# New Ingot Mold



## lazersteve (Apr 19, 2007)

Hello Everyone,

Today I got a new cast iron ingot mold. After four attempts at making a decent bar I poured this one:







I had to use a scrap piece of graphite to get it to fill the mold that's why it's slightly irregular. I'm going to fashion a properly sized piece of graphite to press the molten gold so future ingots will turn out more uniform. 

The ingot weighs in at 27.5 grams.

Steve

Steve


----------



## Harold_V (Apr 20, 2007)

Nice job, Steve. 

I think you'll come to discover that in order to fill a mold, the volume will dictate cavity size. While pressing may work, it's likely to be a real challenge to end up with an ingot that isn't strange in appearance, and you have precious little time to react once the gold has been poured. 
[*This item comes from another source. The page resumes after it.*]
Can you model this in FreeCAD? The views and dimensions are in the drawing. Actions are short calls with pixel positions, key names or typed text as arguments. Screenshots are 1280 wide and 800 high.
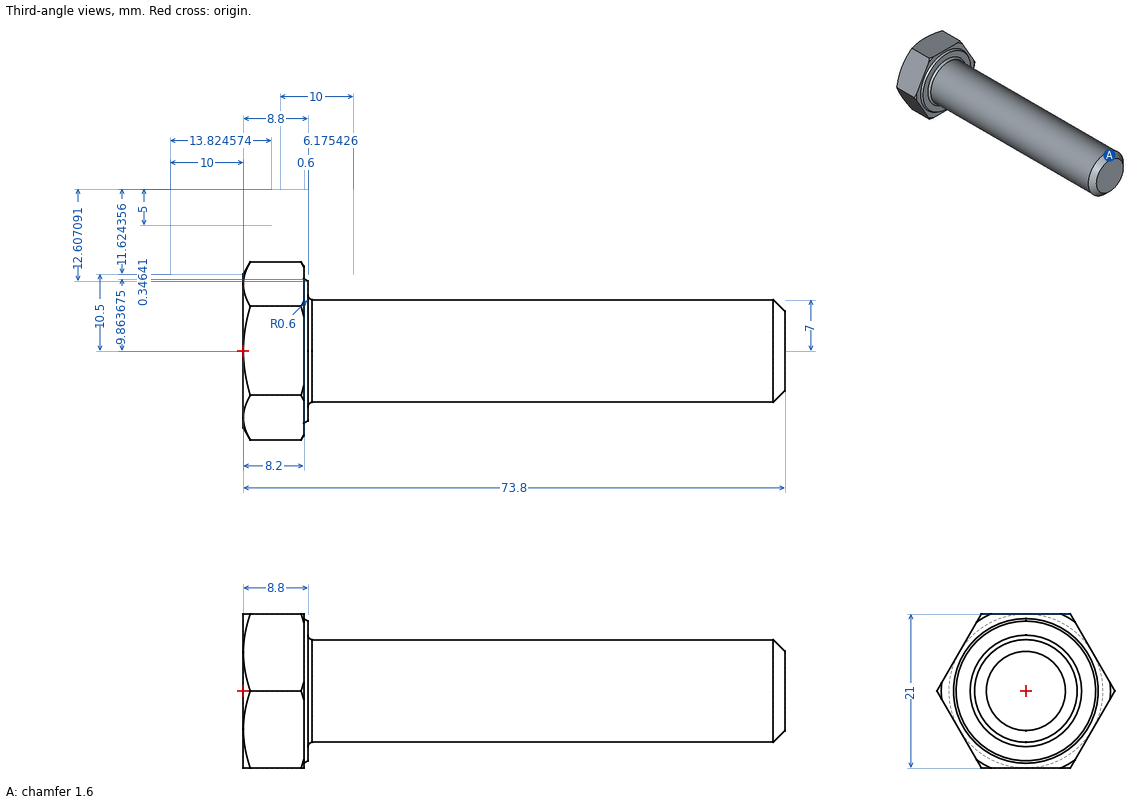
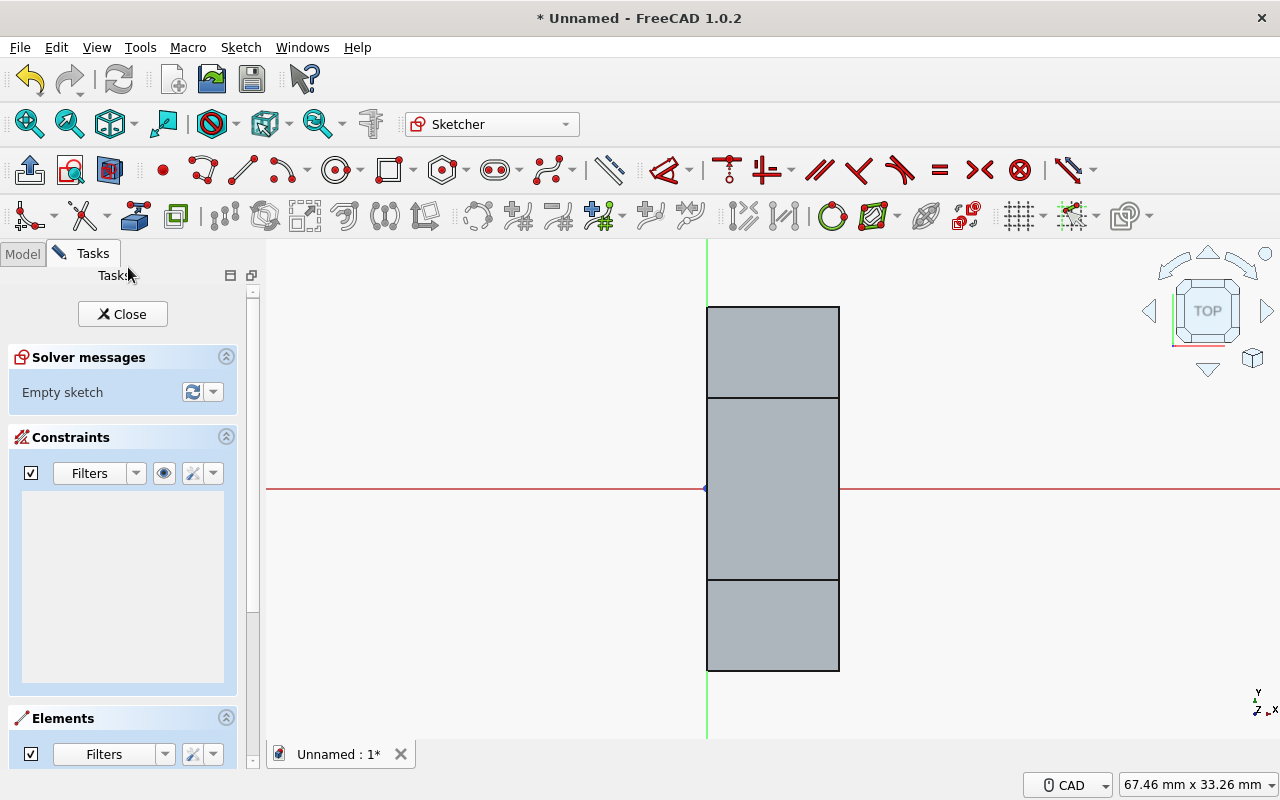
click(110, 170)

How I regret not having some pics of the various sizes of ingots I used to cast. Not to show them off, but to provide some guidelines on sizes that will cast successfully. Once you get below an ounce, they become quite small. They'll pour beautifully if the mold is the correct size, leaving you with a full loaf, and no projections. Casting a thin ingot borders on the impossible unless you use a closed mold (end pouring, with a sprue, as GSP discussed recently for silver). 

Harold


----------



## goldsilverpro (Apr 20, 2007)

If you want ingots that are flat on all sides, you need a graphite book mold. This is a two part mold. One part has the cavity and attached to the cavity is a groove continuing to one edge. The other part is just a flat graphite plate. The two parts are clamped together and set on edge so the groove is facing upward. The gold is poured into the groove and fills the cavity and at least part of the groove. When the gold is removed, attached to the bar is the gold that filled the groove. It is sawn off, flush with the end, leaving a bar with 6 flat surfaces. The groove is called the sprue, I believe.

I used book molds for many hundreds of 10 and 100 oz silver bars that I produced. 
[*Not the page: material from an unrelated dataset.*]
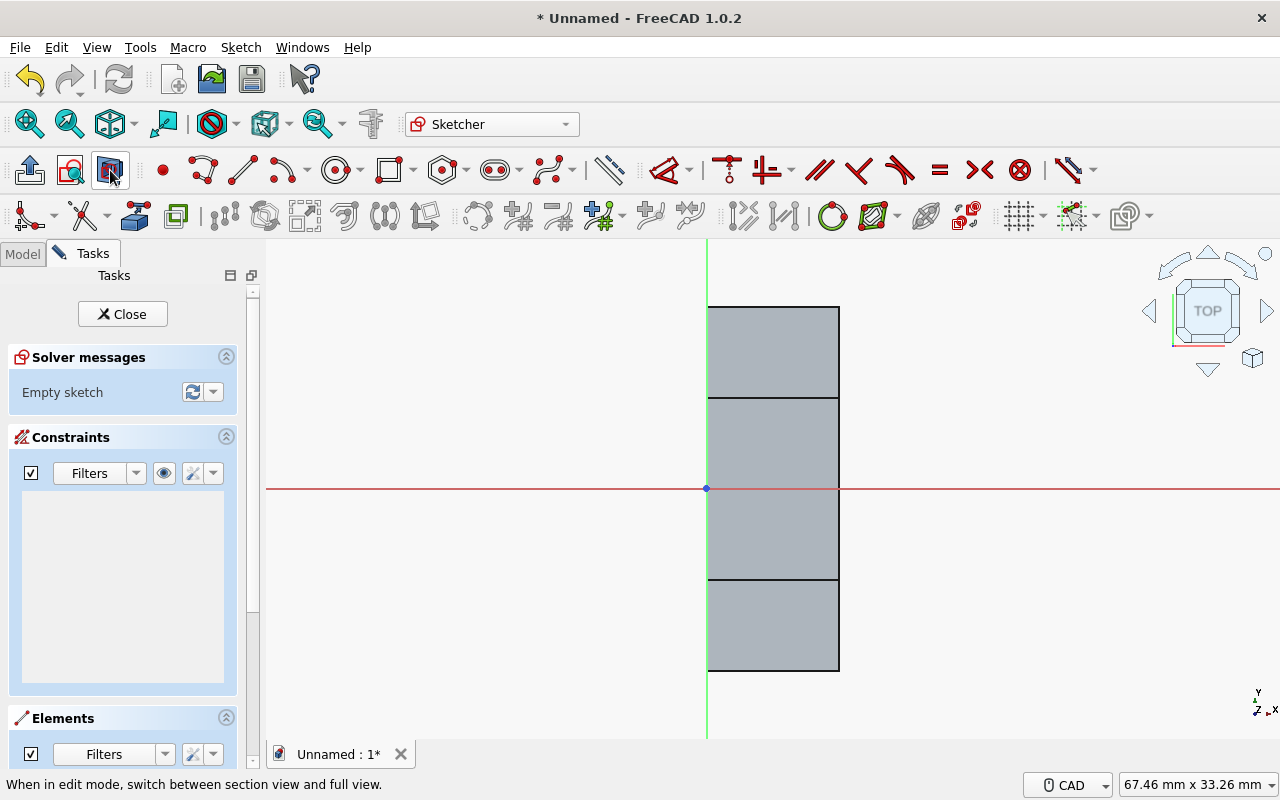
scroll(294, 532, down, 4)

To me, the most beautiful gold bars are open faced with crystals and sinks. Of course, they won't look so great if they're not pure. I wouldn't buy a supposed pure gold bar unless it were open face and I saw crystal and a sink.


----------



## Harold_V (Apr 20, 2007)

goldsilverpro said:


> To me, the most beautiful gold bars are open faced with crystals and sinks. Of course, they won't look so great if they're not pure. I wouldn't buy a supposed pure gold bar unless it were open face and I saw crystal and a sink.



Yep! I agree. Hoke talks about the characteristic "pipe" that forms when pure gold cools. I've seen cavities pulled in buttons that were over 1/8" deep, and no larger in diameter. The button displays a wonderful coarse geometric pattern, and is shiny where there are no lines. All of that goes away with very little contamination. 

When casting ingots, you can eliminate the pipe by waving a torch over the surface as the ingot cools, keeping the entire surface molten instead of allowing the gold to chill from the outer edge towards the center. That practice, well executed, will yield a surface that is very good, and almost flat. If there's contamination in the gold and an oxidizing flame is used, the gold will display oxidation. That's an excellent way to help determine if gold is pure, or not. The slightest thing changes how gold cools, or its color, and the contamination need not be base metal. 

I had occasion to re-refine some gold that had been marked 9995 pure. There's no way it was---obvious by the surface finish and color. When it was re-refined, platinum was the contaminant. It may be worth money, but it costs money to eliminate, so it's not welcome in gold any more than copper or silver. 

Harold


----------



## lazersteve (Apr 20, 2007)

Chris,

That's how this bar looks on the edges where the graphite press didn't contact the gold, like fine crystals around the curved surface of the ingot.

I'll try adding the proper weight of gold to the mold to get the ingot to form properly tonight.

The photos of the nugget I posted previously show the crystal lattice and piping you and Harold speak about:






You can clearly see the crystal lattice and dimpled pipe in the center.

Steve


----------